## Work to be completed
Extract all lines in the data that contain the word "example".

## Available data

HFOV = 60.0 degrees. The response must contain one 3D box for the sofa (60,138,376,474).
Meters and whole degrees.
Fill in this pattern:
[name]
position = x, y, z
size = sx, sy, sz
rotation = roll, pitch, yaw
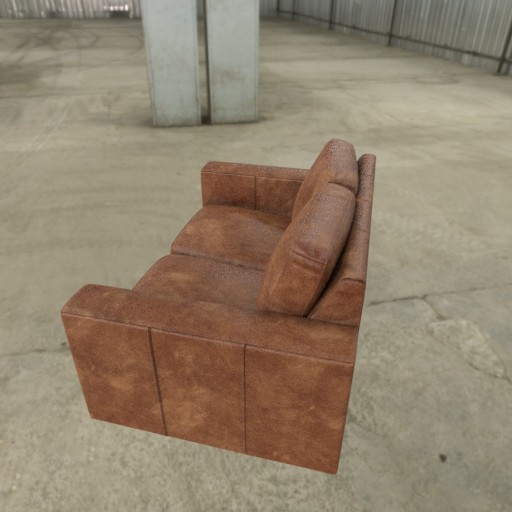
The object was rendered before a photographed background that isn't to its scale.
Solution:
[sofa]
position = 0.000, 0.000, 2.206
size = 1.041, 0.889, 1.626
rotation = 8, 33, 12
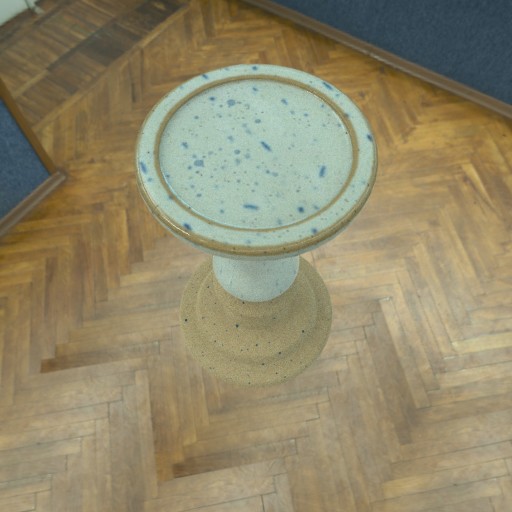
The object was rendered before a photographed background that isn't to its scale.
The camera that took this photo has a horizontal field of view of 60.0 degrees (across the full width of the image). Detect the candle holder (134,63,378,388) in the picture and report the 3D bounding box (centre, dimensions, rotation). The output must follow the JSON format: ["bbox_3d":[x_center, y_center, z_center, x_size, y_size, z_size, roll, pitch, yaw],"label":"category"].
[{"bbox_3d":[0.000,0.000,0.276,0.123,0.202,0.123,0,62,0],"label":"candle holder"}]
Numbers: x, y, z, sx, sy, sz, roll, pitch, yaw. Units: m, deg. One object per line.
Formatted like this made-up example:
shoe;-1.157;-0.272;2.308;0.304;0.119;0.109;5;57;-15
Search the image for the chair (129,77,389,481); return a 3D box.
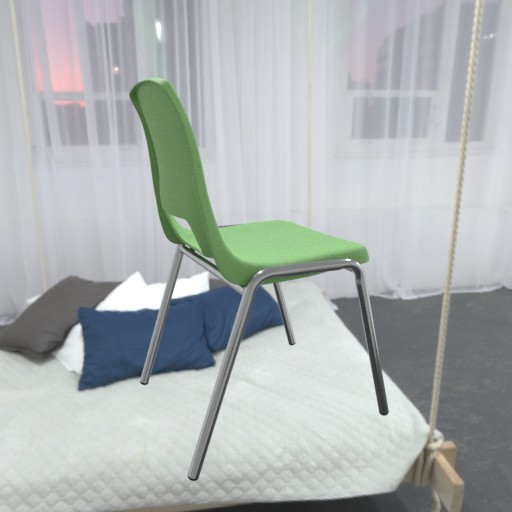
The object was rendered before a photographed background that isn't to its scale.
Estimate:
==
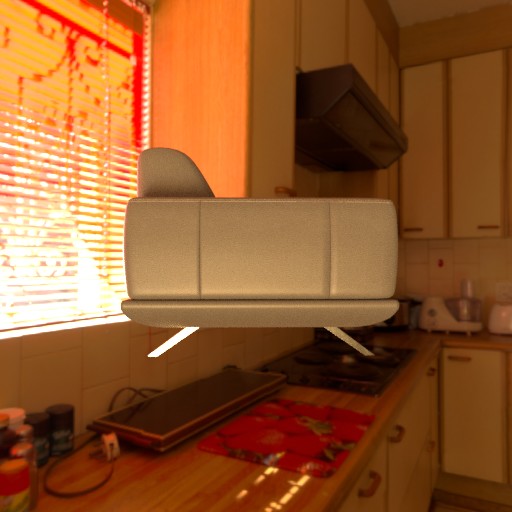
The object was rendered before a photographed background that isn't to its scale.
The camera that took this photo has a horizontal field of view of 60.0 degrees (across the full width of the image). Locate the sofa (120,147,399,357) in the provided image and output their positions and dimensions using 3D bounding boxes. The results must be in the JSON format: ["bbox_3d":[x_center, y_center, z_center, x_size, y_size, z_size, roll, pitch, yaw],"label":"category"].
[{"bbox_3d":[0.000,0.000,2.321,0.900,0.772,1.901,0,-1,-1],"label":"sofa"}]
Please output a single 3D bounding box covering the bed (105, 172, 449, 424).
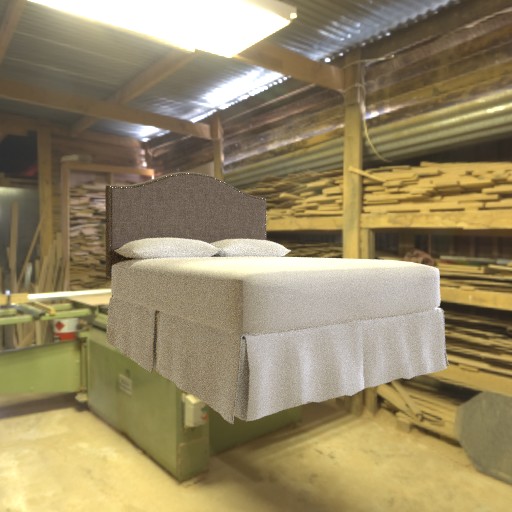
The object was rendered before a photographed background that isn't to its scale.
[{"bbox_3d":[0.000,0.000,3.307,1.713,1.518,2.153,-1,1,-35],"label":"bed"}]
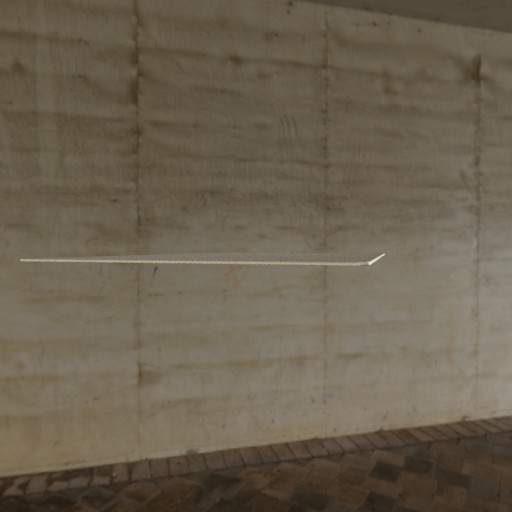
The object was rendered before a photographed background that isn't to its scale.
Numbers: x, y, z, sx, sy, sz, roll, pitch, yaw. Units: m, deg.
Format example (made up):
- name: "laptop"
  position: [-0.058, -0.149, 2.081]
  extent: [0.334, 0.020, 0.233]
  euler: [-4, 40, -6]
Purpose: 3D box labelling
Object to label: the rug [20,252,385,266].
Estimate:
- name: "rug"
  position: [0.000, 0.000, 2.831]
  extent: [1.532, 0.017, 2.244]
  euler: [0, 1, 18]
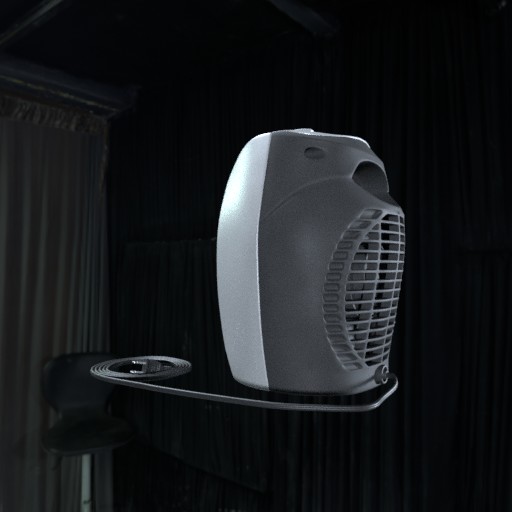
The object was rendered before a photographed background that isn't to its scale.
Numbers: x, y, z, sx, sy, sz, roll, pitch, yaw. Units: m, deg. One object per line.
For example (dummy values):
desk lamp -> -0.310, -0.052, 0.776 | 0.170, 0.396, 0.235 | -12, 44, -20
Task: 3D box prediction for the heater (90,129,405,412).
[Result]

## Solution to this exercise
Formatted like this made-up example:
Format example (made up):
For example (dummy values):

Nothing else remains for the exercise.